Predicting the Toxicity of Drug Molecules with Selecting Effective Descriptors Using a Binary Ant Colony Optimization (BACO) Feature Selection Approach.

Predicting the toxicity of drug molecules using in silico quantitative structure-activity relationship (QSAR) approaches is very helpful for guiding safe drug development and accelerating the drug development procedure. The ongoing development of machine learning techniques has made this task easier and more accurate, but it still suffers negative effects from both the severely skewed distribution of active/inactive chemicals and relatively high-dimensional feature distribution. To simultaneously address both of these issues, a binary ant colony optimization feature selection algorithm, called BACO, is proposed in this study. Specifically, it divides the labeled drug molecules into a training set and a validation set multiple times; with each division, the ant colony seeks an optimal feature group that aims to maximize the weighted combination of three specific class imbalance performance metrics (F-measure, G-mean, and MCC) on the validation set.
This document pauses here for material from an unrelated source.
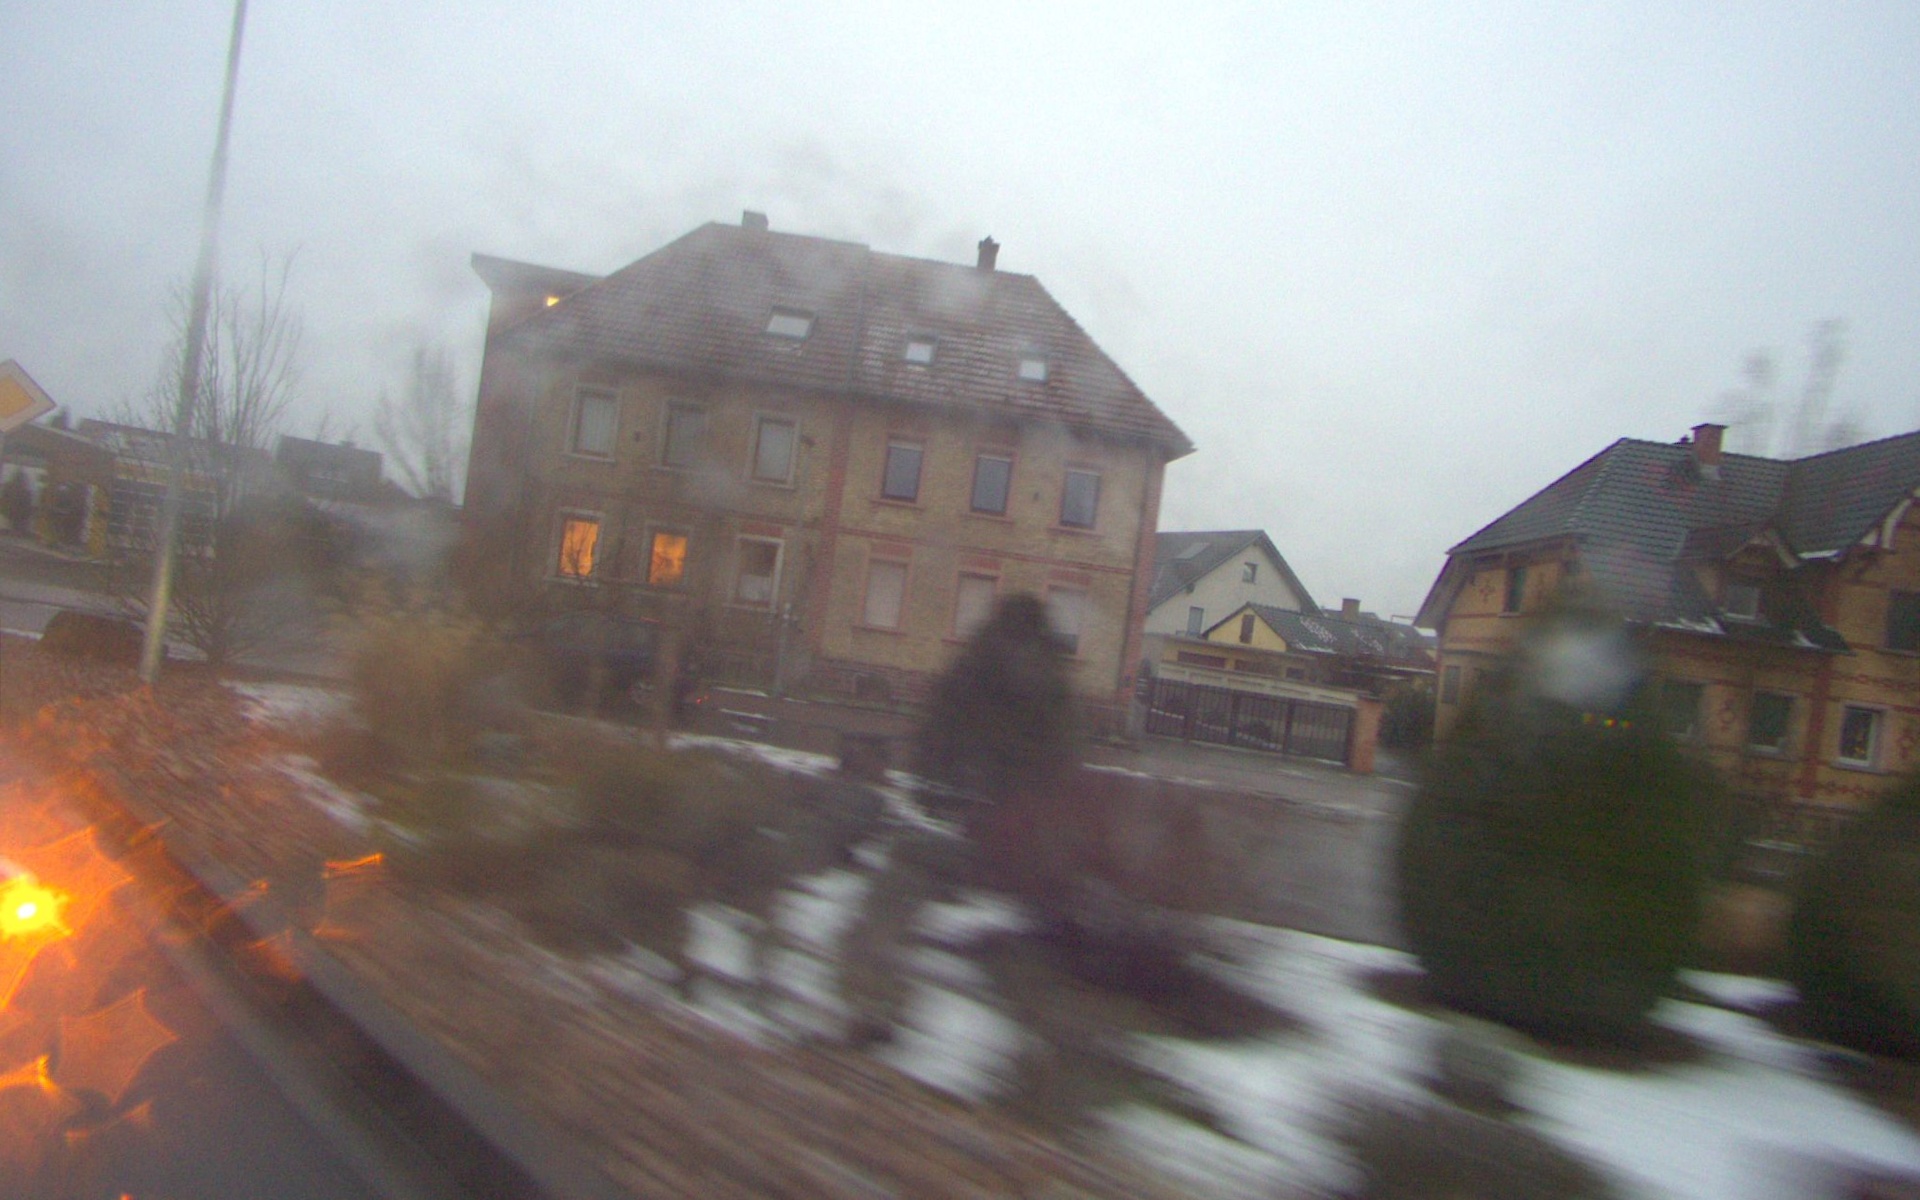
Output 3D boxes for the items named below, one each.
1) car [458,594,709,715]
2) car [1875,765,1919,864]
[{"bbox_3d":[-6.167,0.892,16.702,3.515,1.399,1.287,9,-2,0],"label":"car"},{"bbox_3d":[22.396,4.802,20.426,5.232,1.888,2.368,7,0,1],"label":"car"}]

Then, after running all divisions, the frequency of each feature (descriptor) that emerges in the optimal feature groups is calculated and ranked in descending order. Only those high-frequency features are used to train a support vector machine (SVM) and construct the structure-activity relationship (SAR) prediction model. The experimental results for the 12 datasets in the Tox21 challenge, represented by the Modred descriptor calculator, show that the proposed BACO method significantly outperforms several traditional feature selection approaches that have been widely used in QSAR analysis. It only requires a few to a few dozen descriptors for most datasets to exhibit its best performance, which shows its effectiveness and potential application value in cheminformatics.